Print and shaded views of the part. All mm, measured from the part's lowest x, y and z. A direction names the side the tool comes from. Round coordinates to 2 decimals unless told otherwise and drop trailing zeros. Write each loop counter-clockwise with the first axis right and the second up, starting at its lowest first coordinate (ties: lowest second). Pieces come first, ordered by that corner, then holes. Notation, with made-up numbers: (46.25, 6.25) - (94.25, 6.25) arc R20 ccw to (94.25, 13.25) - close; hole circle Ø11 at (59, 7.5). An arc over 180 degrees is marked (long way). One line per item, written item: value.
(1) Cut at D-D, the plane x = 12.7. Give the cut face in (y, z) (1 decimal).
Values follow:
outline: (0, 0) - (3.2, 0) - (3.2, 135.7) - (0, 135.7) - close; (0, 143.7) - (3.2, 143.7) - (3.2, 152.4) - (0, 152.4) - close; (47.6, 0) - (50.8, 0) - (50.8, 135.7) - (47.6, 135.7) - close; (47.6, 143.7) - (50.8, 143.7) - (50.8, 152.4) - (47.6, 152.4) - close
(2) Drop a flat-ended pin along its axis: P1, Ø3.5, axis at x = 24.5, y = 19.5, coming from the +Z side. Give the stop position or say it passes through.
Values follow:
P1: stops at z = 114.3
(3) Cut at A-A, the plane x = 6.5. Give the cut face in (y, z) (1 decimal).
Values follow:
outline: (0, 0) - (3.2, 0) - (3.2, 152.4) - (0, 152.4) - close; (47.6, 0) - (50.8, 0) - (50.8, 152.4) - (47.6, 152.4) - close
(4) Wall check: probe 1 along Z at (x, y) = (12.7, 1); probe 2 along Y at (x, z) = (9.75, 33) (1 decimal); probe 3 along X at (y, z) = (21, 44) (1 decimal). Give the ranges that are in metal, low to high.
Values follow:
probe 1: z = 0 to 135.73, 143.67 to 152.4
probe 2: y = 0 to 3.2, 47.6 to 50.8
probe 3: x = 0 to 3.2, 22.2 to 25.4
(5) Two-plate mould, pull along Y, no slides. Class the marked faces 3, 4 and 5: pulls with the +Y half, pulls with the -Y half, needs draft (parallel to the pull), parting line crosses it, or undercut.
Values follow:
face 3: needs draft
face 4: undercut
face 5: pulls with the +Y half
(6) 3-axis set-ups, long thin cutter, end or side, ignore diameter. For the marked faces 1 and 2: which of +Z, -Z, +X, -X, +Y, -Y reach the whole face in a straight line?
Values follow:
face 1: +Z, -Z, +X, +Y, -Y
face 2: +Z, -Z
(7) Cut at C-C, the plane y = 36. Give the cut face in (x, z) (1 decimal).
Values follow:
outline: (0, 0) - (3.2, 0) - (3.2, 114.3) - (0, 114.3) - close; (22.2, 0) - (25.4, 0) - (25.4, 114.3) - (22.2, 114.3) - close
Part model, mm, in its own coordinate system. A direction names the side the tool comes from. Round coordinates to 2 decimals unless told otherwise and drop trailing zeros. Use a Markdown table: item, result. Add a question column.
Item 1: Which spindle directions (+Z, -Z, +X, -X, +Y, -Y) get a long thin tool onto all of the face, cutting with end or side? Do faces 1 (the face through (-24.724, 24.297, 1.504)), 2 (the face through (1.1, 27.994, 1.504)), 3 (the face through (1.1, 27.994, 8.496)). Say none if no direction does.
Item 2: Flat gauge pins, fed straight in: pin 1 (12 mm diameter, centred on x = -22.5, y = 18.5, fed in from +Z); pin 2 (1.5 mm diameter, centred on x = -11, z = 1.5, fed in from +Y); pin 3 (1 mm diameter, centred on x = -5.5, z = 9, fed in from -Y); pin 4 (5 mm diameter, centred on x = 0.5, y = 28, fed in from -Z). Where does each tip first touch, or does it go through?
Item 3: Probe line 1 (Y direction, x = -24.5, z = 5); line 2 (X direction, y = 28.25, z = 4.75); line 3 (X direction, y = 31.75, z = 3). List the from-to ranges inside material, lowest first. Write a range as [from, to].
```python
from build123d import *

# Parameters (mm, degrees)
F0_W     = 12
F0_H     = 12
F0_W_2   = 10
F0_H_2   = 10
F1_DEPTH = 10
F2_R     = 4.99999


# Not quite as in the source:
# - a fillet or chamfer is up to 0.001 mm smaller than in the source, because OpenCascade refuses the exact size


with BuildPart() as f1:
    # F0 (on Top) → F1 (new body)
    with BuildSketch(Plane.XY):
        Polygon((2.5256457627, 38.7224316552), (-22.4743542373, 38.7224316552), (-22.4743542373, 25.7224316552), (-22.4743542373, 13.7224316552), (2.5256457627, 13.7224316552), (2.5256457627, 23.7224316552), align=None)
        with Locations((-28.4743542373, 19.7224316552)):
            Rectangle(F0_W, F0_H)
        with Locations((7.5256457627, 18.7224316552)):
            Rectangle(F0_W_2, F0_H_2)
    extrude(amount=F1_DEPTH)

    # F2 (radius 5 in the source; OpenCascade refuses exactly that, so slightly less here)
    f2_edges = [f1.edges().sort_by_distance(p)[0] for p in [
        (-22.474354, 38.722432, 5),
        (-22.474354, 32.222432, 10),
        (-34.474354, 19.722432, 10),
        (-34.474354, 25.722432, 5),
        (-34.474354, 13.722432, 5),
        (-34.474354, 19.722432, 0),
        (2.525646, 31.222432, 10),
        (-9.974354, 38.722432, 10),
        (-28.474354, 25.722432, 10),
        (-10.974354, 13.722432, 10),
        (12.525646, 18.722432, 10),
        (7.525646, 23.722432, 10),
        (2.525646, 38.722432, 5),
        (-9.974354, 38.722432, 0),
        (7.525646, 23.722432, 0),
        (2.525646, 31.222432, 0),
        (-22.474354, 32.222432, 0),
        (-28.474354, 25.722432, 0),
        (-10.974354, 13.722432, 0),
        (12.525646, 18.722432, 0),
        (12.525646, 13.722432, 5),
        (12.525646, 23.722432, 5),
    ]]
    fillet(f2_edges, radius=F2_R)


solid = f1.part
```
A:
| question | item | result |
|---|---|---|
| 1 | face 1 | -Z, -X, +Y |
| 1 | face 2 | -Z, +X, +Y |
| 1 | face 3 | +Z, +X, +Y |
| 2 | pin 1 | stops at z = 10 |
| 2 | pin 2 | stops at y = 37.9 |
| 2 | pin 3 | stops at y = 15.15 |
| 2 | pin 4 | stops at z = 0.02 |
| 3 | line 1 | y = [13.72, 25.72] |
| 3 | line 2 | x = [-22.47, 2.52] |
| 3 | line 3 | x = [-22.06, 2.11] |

# [Task requirements]
Nothing but the lines from the one holding "at z = 0.02 |" to the end of the entries should be returned, each exactly as it stands.

# [Written reply]
| 2 | pin 4 | stops at z = 0.02 |
| 3 | line 1 | y = [13.72, 25.72] |
| 3 | line 2 | x = [-22.47, 2.52] |
| 3 | line 3 | x = [-22.06, 2.11] |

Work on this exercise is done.